What I'm doing (September)
If you’d like to support what I do, I have a Patreon now! You can ask me questions and suggest what I should write about next.
I'll also put drafts of Cosmic Dark scenarios up shortly. And there’s a post there now about weird scenario ideas, “Is it brilliant or is it crap?”. I'd love your support if you can.
What I’m working on
I’m at the dangerous stage of editing Cosmic Dark! I know the text so well that it’s tempting to rush. Instead, I’m taking it slowly, making sure I explain everything well.
It’s looking good. Right now, I’m editing the main rules and the scenario-creation instructions. The rules are based on Cthulhu Dark, but with new things to keep them interesting, and the scenario creation is all new.

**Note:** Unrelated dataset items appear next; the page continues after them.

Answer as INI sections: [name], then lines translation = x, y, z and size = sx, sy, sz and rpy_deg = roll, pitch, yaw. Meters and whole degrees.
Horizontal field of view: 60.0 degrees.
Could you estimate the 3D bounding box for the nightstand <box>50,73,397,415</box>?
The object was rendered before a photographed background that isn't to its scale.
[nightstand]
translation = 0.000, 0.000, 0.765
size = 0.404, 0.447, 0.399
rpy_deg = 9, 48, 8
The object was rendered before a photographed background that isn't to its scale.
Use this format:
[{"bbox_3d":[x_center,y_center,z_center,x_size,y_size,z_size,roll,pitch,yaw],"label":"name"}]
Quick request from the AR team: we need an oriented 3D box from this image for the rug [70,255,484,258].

I'm also working with artists and cartographers. Earlier this week, I had a great conversation with Lazarus on about three spaceship maps: the Exchange, the Transparency and the Invisible Hand.

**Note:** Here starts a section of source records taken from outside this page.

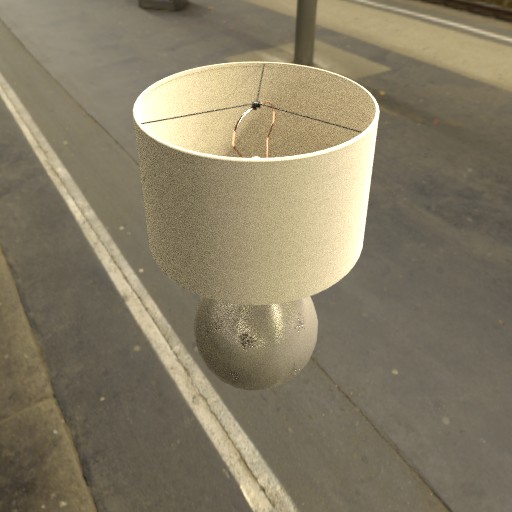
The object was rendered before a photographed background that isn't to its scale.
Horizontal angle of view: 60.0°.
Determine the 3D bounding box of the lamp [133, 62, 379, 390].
[{"bbox_3d":[0.000,0.000,0.733,0.330,0.521,0.330,0,41,0],"label":"lamp"}]
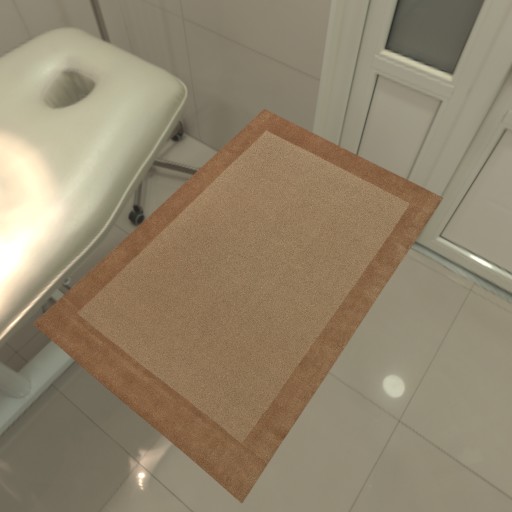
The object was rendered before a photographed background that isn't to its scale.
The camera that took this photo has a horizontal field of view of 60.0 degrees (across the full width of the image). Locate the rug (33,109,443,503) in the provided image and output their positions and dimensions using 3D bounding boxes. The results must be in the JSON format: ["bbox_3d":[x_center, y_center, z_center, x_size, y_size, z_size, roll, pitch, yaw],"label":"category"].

It's nearly time to open Cosmic Dark for playtest. I'll share a draft of Extraction, the introductory scenario, on my Patreon shortly.
Here’s a discount
If you like history, have a look at A Shedload of Countess Dillymore, my collection of weird larps exploring queer history in the twentieth century.
You'll find games about wartime letters, lesbian clubs and public toilets. I think Disciplinary, in which a committee decides whether to dismiss an employee, is one of the best things I've written.
You can find the games online for free, on the Golden Cobra website, or the link above gives you all of them for three dollars.
What I’ve been playing
We finished Deadlands Noir, playing the investigative scenario Moonshine Blues. I liked it!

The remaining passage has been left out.